What I learned from my mother confuses me sometimes. She taught me to worry about everything and then tells me I worry too much. She taught me to take care of everyone else and then tells me I need to take better care of myself. She taught me to criticize everyone and everything and then tells me I’m too negative. What I learned from my mother is that I should do what I really want to do in life, and that I should put myself first, and then she tells me not to be selfish.
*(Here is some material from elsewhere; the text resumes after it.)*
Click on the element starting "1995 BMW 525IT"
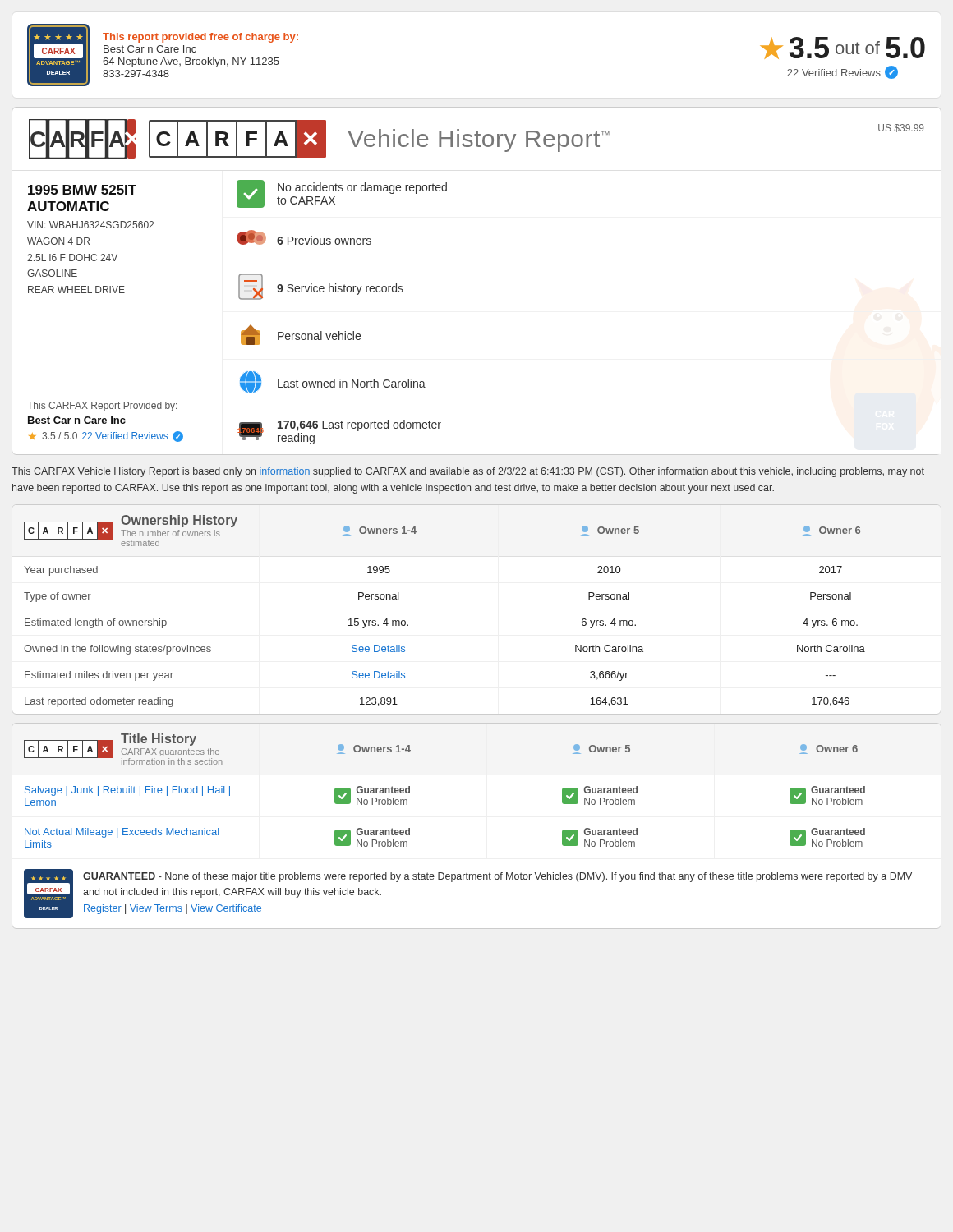tap(82, 190)
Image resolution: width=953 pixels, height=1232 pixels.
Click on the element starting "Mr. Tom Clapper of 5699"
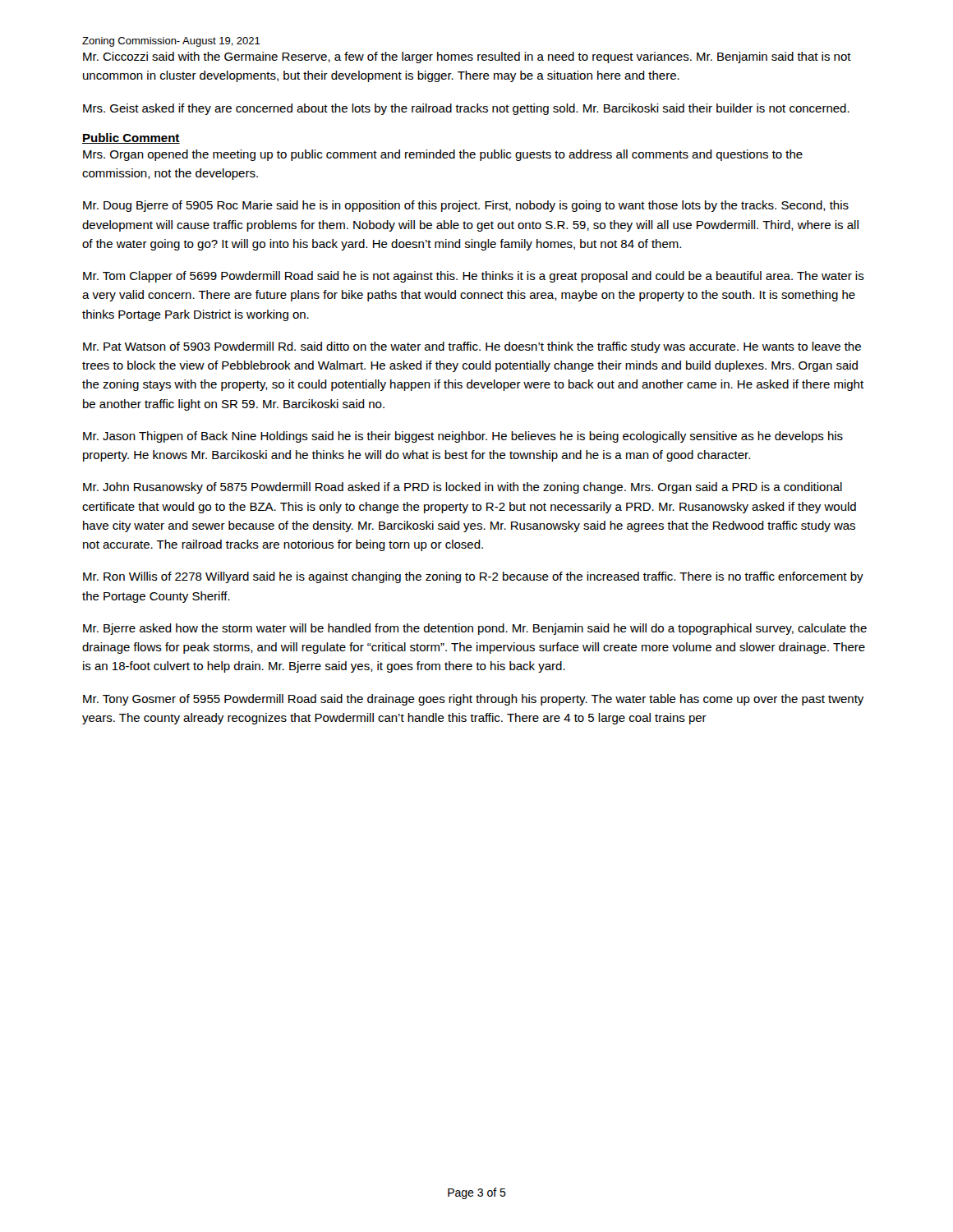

What I learned from my mother is that, to be my mother’s daughter, you have to be tough. Brooklyn tough. New York tough. Sicilian tough. You have to stand up for yourself and your family and your friends and anyone else you love. You have to be strong; you have to survive.
What I learned from my mother is that you have to do it right, make it perfect, but that – for my mother – it is never right and it’s not perfect enough. What I learned from my mother is that you have to do it yourself if you want it done right; that the world is messy and you should try to keep it neat; that life is amazing and hurts like hell.
What I learned from my mother is the story of our family, though the story is not always clear or complete, and the timing of events not always accurate. What I learned from my mother is that she and my father were married in 1956, my older brother born two years later, and then, in 1962 my twin brother and I arrived – two months early – and that we nearly died, our lungs not fully developed, our little bodies so…little. What I learned from my mother is the sad story of our family: my twin brother’s death in the spring of 1963, Uncle Charlie’s inoperable brain tumor, Uncle Joe’s sudden, fatal heart attack, and Granny’s fall down the dark, unfinished staircase in the auto shop, leaving her paralyzed from the neck down, destined to live out the rest of her days in pain and despair in the old, brick infirmary – while her family – our family - slowly unraveled.
What I learned from my mother is how to keep living, even when life is breaking your heart. I learned that you have to depend on yourself, and your devoted daughter, if you’re lucky enough to have one, or a true friend, if you can find one. And if you do find one, try your best to keep that friend forever, even if you know forever is just a fantasy. What I learned from my mother is that you just keep going, no matter what. You keep working, you keep fighting, you keep dancing, you keep crying, and still, you keep laughing. What I learned from my mother is that life is beautiful, and life is pain, until life is beautiful again. Just keep walking.
Georgine Balassone lives in Santa Cruz, California, makes a living as a bookseller and a bartender, and loves her mother very much.